I'm refreshing my knowledge of probability distributions. Every field of knowledge based on data uses them, but few stop to think about them.

Chapter 2 of Thom Baguley's Serious Stars

#science #mathematics #statistics
Yeah. I probably won't be reading this.
What are the chances of that?
I agree it's absurd to talk probability without a sense of what probability distributions are. And so is to imply a definite probability distribution to exist, when nothing supports it.
Indeed, probability distributions are theoretical.
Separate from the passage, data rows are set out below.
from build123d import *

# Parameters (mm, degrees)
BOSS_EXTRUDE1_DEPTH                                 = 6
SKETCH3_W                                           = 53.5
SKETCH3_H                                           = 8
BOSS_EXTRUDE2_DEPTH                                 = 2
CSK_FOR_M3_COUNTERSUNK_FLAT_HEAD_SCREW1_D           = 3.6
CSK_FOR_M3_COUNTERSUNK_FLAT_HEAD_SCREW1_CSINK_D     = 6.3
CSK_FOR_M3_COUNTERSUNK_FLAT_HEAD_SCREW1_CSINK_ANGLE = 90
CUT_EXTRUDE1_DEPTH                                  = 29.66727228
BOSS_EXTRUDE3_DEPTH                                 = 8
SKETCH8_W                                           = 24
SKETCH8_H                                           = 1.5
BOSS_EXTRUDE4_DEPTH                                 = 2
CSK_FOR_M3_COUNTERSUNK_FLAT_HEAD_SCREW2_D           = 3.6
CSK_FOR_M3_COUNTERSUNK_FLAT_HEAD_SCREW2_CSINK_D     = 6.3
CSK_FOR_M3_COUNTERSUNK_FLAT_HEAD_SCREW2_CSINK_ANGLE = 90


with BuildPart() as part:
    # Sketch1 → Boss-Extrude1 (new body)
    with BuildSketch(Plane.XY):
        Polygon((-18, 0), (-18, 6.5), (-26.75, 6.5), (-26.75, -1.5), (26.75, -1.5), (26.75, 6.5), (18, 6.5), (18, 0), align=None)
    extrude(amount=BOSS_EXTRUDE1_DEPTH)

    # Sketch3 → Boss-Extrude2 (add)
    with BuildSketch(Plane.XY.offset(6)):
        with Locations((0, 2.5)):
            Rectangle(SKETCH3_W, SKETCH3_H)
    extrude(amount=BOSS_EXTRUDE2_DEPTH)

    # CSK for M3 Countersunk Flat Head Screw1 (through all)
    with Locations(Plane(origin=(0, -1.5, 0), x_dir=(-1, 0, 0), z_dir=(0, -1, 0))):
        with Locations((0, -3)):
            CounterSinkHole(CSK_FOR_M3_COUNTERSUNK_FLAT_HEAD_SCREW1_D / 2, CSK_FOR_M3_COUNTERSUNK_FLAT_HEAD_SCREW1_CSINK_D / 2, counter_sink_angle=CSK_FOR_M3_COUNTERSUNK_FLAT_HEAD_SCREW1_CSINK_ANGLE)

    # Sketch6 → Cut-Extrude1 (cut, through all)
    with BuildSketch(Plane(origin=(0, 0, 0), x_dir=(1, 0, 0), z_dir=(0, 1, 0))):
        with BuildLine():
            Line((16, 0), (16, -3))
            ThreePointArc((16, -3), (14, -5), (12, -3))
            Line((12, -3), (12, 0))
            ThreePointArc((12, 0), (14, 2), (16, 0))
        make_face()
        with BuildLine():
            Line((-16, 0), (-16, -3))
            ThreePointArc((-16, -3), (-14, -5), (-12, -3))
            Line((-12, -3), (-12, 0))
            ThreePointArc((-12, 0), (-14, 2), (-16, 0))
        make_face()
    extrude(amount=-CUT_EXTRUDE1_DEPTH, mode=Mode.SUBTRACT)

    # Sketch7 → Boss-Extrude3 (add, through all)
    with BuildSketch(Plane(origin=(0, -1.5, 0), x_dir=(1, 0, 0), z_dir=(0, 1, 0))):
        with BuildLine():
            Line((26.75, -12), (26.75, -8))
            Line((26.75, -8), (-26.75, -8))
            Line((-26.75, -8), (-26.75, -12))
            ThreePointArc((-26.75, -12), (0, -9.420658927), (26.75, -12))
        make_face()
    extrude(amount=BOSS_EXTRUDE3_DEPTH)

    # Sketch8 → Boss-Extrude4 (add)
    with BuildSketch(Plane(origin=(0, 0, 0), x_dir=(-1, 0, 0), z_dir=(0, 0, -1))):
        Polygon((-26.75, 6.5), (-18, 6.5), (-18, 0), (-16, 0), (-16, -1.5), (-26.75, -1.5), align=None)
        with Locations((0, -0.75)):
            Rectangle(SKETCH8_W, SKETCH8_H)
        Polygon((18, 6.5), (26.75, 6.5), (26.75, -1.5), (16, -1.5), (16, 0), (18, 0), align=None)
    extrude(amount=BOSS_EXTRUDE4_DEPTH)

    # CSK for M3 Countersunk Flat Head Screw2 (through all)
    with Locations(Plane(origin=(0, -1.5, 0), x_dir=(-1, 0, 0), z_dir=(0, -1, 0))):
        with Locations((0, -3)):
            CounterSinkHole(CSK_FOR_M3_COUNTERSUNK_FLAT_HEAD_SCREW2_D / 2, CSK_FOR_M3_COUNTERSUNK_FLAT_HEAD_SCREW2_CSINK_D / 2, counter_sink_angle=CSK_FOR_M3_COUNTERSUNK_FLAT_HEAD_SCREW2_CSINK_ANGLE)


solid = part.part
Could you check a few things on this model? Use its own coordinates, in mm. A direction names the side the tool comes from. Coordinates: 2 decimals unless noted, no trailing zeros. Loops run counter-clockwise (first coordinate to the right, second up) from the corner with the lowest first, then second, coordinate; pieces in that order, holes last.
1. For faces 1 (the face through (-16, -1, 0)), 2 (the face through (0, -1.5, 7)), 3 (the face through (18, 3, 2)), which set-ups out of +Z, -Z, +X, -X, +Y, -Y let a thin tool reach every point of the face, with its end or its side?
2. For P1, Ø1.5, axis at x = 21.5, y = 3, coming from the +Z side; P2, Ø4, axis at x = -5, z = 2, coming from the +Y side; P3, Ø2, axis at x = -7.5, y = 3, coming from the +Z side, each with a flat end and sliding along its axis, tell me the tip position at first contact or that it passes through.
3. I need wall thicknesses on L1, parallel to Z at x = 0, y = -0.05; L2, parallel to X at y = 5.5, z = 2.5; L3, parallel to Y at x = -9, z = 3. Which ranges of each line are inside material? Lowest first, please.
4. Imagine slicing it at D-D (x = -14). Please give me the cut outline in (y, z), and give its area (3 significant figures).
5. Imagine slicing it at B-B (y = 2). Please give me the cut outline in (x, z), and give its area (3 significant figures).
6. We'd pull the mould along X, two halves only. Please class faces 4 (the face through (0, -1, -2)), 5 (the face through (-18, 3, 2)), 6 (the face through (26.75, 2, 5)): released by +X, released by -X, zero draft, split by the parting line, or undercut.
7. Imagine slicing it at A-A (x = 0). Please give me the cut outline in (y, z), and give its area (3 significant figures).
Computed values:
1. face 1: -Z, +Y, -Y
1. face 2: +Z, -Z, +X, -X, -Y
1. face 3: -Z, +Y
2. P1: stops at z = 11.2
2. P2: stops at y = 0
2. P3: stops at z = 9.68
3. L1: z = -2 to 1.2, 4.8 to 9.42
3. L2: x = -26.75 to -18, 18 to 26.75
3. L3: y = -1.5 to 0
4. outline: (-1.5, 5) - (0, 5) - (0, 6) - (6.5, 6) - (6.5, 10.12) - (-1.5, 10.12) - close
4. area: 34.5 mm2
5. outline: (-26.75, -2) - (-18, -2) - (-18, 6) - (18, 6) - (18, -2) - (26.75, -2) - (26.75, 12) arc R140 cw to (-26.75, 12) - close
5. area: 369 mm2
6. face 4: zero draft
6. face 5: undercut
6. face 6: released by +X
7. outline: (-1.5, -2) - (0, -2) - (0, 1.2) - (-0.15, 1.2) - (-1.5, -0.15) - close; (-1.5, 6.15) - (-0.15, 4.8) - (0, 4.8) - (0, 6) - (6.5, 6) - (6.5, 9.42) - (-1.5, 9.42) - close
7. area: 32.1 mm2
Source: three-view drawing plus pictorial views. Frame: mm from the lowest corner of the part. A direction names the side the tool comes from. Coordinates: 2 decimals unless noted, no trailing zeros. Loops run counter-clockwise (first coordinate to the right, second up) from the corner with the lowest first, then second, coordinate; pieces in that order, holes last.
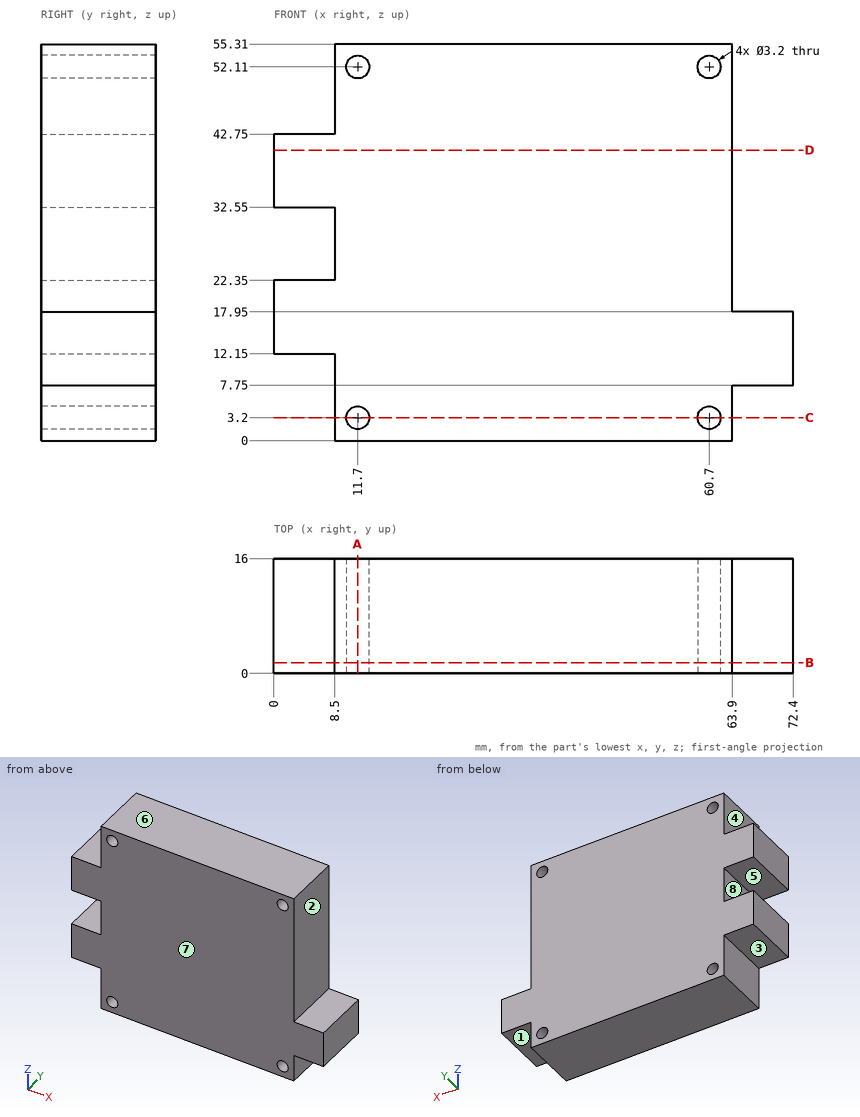
Q1. Section query C-C on z = 3.2. Return the cut outline in (x, y), then the cut area to 3 significant figures.
Q2. Material intervals for line 1 along Z through (x, y) = (11.7, 5); line 2 along X through (y, z) = (5, 52.11); line 3 along X through (y, z) = (12.75, 34), sorted ascending.
Q3. Section query A-A on x = 11.7. Return the cut outline in (y, z).
Q4. First-contact query: pin 1 Ø8 at (y, z) = (5.5, 36) entering from +X; pin 2 Ø3 at (x, z) = (11.7, 52.11) entering from +Y; pin 3 Ø7 at (x, y) = (4, 5.5) entering from -Z; pin 4 Ø9.5 at (y, z) = (11, 5.5) entering from -X. Flat tips, straight axial feed; report the tip coordinate or a pass-through.
Q5. Section query D-D on z = 40.5. Return the cut outline in (x, y), then the cut area to 3 significant figures.
Q6. Section query B-B on y = 1.5. Return the cut outline in (x, z).
Q7. Reachability of the marked faces 1, 2, 3, 4 and 5 from +Z, -Z, +X, -X, +Y, -Y: full face, straight path, thin tool, end or side. Return the list, or none.
Q8. Draft query along Z for the marked faces 6, 7 and 8. Return one class per face: released by +Z, released by -Z, zero draft, split by the parting line, or undercut.
Resolved:
1. outline: (8.5, 0) - (10.1, 0) - (10.1, 16) - (8.5, 16) - close; (13.3, 0) - (59.1, 0) - (59.1, 16) - (13.3, 16) - close; (62.3, 0) - (63.9, 0) - (63.9, 16) - (62.3, 16) - close
1. area: 784 mm2
2. line 1: z = 0 to 1.6, 4.8 to 50.51, 53.71 to 55.31
2. line 2: x = 8.5 to 10.1, 13.3 to 59.1, 62.3 to 63.9
2. line 3: x = 0 to 63.9
3. outline: (0, 0) - (16, 0) - (16, 1.6) - (0, 1.6) - close; (0, 4.8) - (16, 4.8) - (16, 50.51) - (0, 50.51) - close; (0, 53.71) - (16, 53.71) - (16, 55.31) - (0, 55.31) - close
4. pin 1: stops at x = 63.9
4. pin 2: passes through
4. pin 3: stops at z = 12.15
4. pin 4: stops at x = 8.5
5. outline: (0, 0) - (63.9, 0) - (63.9, 16) - (0, 16) - close
5. area: 1,020 mm2
6. outline: (0, 12.15) - (8.5, 12.15) - (8.5, 0) - (63.9, 0) - (63.9, 7.75) - (72.4, 7.75) - (72.4, 17.95) - (63.9, 17.95) - (63.9, 55.31) - (8.5, 55.31) - (8.5, 42.75) - (0, 42.75) - (0, 32.55) - (8.5, 32.55) - (8.5, 22.35) - (0, 22.35) - close; hole circle Ø3.2 at (11.7, 3.2); hole circle Ø3.2 at (11.7, 52.11); hole circle Ø3.2 at (60.7, 3.2); hole circle Ø3.2 at (60.7, 52.11)
7. face 1: -Z, +X, +Y, -Y
7. face 2: +Z, +X, +Y, -Y
7. face 3: -Z, -X, +Y, -Y
7. face 4: +Z, -X, +Y, -Y
7. face 5: -X, +Y, -Y
8. face 6: released by +Z
8. face 7: zero draft
8. face 8: undercut

But they are pretty good at predicting future events
Any speech of probabilities implies probability distributions. Many people tend to over-generalize from the elementary case of throwing fair dices or coins, where the symmetry determines the probability distribution.
Last month I learned the term "Improper prior" - it's when your probability distribution for your bayesian evaluation starts out with a total sum greater than 1.
And I guess the risk of doing that might be greater if one doesn't know what probability distributions are? Maybe?

What are the odds?
If the sum is >1 that is a distribution but technically not a probability distribution. It only crossed my mind during our recent conversation that, despite their psychological unlikeliness, bayesian subjective probabilities could charitably be imagined to hide behind people's on the whole manifest abuse of the assumption of the existence of probability distributions in frequentist-form arguments. It works all the better if this bayesian framework of charitable interpretation doesn't require the secretly subjective probability distributions to actually be probability distributions at all.
We have compartmentalized cognition, and poor coordination between competing processes, so if the naughty sub-processes output a distribution with a sum over 1, we don't really seem to have a way to correct that.
Our thinking is very meta, but it's missing the meta-meta-supervision.